I haven't been up to the lake in a couple weeks and was wondering how hard it would be to drag my shanty and gear out? I walked out a few times when there wasn't much snow but I still haven't caught my first walleye through the ice. Was hoping to end the slump this week. I have a few screws in my ankle and its hard to walk in snow that's to deep. Thanks


----------



## Tightlines (Jun 29, 2012)

[quote="chillin";1967551]I haven't been up to the lake in a couple weeks and was wondering how hard it would be to drag my shanty and gear out? I walked out a few times when there wasn't much snow but I still haven't caught my first walleye through the ice. Was hoping to end the slump this week. I have a few screws in my ankle and its hard to walk in snow that's to deep. Thanks[/quote]

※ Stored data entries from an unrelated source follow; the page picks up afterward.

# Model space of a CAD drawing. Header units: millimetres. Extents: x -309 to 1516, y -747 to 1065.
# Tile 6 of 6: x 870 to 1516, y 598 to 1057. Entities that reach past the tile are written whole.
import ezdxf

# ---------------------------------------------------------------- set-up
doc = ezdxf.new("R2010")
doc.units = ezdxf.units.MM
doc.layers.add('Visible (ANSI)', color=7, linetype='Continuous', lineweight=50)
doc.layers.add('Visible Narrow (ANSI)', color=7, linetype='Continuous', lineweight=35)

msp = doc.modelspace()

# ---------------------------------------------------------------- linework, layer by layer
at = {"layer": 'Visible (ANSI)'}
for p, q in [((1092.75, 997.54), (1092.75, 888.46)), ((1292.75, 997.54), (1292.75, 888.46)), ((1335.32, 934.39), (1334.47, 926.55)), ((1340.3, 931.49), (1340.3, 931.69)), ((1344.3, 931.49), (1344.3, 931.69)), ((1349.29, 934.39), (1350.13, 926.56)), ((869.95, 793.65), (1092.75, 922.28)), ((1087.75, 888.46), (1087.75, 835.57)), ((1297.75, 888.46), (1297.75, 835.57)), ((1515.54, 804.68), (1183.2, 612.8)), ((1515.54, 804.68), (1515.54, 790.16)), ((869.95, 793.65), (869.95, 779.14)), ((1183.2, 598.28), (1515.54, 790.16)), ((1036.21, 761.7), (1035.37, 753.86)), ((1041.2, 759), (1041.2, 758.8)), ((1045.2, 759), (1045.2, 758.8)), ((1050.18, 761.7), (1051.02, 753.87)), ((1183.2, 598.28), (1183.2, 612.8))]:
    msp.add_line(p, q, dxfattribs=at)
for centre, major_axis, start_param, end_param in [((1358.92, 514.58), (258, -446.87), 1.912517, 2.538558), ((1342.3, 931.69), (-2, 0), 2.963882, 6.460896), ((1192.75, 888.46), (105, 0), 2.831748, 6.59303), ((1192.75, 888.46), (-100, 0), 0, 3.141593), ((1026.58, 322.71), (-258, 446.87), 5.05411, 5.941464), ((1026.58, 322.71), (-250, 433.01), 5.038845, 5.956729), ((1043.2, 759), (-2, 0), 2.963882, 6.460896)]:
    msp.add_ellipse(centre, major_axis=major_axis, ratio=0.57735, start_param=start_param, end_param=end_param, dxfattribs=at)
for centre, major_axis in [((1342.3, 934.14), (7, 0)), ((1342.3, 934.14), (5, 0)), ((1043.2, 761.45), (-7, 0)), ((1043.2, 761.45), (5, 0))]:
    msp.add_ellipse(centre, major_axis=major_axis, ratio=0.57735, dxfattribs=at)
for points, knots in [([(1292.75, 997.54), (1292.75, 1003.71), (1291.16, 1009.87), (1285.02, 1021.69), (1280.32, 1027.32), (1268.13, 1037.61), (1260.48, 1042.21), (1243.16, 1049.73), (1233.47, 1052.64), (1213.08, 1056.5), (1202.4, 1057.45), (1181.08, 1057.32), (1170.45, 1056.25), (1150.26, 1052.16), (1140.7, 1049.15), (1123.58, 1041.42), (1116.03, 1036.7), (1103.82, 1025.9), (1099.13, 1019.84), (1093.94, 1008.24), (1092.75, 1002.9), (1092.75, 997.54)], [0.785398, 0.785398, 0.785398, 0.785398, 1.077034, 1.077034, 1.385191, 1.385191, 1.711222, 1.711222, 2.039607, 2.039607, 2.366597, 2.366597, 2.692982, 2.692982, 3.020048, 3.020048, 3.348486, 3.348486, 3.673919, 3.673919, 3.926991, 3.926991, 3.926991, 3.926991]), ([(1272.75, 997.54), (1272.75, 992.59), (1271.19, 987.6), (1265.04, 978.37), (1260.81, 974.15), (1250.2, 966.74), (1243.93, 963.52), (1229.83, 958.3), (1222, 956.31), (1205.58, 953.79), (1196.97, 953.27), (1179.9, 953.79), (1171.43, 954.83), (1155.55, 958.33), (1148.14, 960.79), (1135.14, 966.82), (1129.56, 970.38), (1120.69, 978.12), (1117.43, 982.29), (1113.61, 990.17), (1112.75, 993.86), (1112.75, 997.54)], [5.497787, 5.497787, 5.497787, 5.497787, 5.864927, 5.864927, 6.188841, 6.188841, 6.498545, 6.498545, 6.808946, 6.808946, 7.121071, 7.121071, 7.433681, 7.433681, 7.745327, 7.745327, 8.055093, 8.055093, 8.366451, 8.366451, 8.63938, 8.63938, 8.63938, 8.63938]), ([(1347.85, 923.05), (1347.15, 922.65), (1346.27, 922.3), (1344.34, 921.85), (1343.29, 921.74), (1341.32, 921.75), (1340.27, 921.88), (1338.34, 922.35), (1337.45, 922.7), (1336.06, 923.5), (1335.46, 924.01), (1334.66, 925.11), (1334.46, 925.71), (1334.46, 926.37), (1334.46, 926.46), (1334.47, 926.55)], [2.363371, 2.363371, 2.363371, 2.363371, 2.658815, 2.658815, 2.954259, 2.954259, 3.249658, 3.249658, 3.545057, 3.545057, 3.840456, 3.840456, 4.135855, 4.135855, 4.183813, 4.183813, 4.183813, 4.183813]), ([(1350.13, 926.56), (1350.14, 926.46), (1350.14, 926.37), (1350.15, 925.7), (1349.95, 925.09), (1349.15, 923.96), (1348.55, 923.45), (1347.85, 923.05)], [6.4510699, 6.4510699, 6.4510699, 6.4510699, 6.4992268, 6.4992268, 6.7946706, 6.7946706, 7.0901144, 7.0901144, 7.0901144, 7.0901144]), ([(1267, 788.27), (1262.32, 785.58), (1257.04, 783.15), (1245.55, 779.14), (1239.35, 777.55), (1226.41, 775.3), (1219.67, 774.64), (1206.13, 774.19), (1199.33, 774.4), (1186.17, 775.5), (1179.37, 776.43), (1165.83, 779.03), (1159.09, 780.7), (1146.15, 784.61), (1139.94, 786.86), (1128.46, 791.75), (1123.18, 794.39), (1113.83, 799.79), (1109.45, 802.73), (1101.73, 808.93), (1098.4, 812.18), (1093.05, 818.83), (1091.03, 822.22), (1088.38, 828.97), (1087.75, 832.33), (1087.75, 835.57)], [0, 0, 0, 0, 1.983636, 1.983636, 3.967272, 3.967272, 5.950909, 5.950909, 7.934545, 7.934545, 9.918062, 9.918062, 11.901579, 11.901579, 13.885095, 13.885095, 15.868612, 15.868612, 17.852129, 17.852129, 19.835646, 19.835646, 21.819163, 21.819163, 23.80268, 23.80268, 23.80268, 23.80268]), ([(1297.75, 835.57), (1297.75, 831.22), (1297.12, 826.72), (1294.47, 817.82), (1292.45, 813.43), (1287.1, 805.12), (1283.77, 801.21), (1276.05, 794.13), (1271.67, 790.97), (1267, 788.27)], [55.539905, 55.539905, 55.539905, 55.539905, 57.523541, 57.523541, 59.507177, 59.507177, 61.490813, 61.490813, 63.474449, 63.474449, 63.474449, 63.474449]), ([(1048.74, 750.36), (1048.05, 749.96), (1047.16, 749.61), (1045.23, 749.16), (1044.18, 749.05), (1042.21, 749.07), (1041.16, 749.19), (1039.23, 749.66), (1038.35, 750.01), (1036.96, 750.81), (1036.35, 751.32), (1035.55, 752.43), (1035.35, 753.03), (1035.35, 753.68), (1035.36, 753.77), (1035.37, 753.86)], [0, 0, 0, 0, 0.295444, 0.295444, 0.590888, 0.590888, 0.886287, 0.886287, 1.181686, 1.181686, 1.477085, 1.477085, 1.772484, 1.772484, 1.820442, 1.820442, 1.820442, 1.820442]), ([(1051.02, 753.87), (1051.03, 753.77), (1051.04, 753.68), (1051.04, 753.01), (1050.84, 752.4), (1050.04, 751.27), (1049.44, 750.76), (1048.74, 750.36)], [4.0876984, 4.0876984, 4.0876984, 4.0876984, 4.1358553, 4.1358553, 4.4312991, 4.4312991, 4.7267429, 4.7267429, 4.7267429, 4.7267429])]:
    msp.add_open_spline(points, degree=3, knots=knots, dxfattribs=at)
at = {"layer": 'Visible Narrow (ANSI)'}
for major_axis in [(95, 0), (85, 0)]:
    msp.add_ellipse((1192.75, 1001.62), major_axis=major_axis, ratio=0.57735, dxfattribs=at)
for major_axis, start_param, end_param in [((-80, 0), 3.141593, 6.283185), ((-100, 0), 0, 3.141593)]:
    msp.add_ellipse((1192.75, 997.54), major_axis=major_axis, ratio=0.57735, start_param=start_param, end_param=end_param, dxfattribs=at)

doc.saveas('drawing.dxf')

I was out of catawba on friday and saturday with atv. Friday and saturday morning would have been excellent walking, very little snow on ice. By the time we got off the lake around 2pm saturday there was at least 6" of snow on the ice. i would imagine pulling a sled in that snow would be a workout.


----------



## "chillin" (Apr 20, 2012)

OK thanks for the reply, I wasn't sure how much it snowed up there.


----------



## doubleduece1981 (Jan 28, 2013)

Is anyone catching 1 to 2 miles out was thinking about making the walk in the am tomorrow


----------



## whjr15 (Jun 16, 2005)

Tightlines said:


> I was out of catawba on friday and saturday with atv. Friday and saturday morning would have been *excellent* walking, very little snow on ice. By the time we got off the lake around 2pm saturday there was at least 6" of snow on the ice. i would imagine pulling a sled in that snow would be a workout.


My buddy and I walked 2 miles out on Saturday... "Excellent" is about as far from reality as possible! And we're in our 20's!! Lol, in fact, it was so bad that I'm going to look at a sled in a few hours! Never EVER will I walk again!!


----------